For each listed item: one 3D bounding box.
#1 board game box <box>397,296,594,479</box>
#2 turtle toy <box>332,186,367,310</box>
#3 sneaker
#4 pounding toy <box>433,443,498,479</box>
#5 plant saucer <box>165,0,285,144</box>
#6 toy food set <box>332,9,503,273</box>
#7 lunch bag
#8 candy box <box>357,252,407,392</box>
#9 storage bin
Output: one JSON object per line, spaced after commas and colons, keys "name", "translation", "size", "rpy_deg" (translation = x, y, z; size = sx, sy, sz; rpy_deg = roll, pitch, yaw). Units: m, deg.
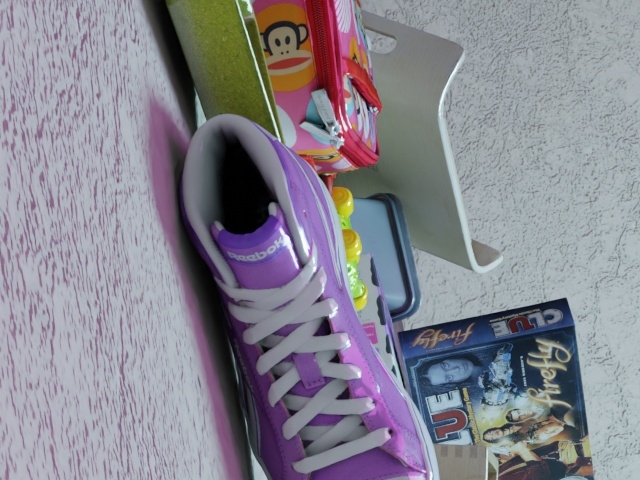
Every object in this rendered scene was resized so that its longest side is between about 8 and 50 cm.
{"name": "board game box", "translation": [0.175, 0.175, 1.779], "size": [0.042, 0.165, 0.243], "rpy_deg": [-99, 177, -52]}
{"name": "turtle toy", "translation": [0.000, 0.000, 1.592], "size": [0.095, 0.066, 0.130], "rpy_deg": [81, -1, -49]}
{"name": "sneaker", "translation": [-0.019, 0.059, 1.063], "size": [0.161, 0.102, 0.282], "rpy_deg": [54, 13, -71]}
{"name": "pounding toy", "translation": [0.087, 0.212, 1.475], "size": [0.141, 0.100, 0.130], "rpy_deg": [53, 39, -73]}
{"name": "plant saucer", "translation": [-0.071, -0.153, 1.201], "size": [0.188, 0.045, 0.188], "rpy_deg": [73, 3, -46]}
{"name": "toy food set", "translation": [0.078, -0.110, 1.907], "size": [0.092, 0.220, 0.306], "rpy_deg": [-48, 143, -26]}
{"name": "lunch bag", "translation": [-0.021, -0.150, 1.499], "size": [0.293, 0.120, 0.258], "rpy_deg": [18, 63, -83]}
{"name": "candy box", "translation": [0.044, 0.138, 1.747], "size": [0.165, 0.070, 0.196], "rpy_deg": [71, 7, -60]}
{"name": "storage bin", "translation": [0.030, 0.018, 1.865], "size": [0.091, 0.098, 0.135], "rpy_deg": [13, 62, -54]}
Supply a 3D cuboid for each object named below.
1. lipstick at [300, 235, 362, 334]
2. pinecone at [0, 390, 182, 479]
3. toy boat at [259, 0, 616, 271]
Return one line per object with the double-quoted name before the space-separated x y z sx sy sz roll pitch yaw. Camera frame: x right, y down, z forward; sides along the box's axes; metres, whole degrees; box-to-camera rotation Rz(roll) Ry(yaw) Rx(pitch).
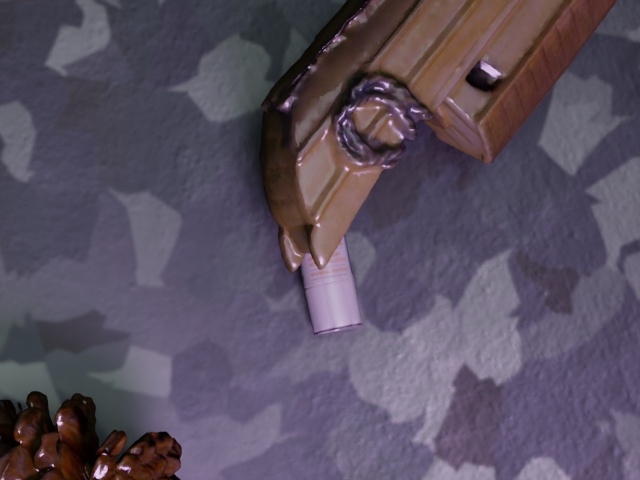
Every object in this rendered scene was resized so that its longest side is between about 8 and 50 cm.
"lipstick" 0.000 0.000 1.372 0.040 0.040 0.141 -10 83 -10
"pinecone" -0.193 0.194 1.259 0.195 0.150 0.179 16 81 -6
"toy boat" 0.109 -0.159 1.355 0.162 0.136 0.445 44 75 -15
+--
### [WHAT YOU NEED TO DO]
Tally the lines above containing "each". Number only.

### [EXERCISE RESPONSE]
2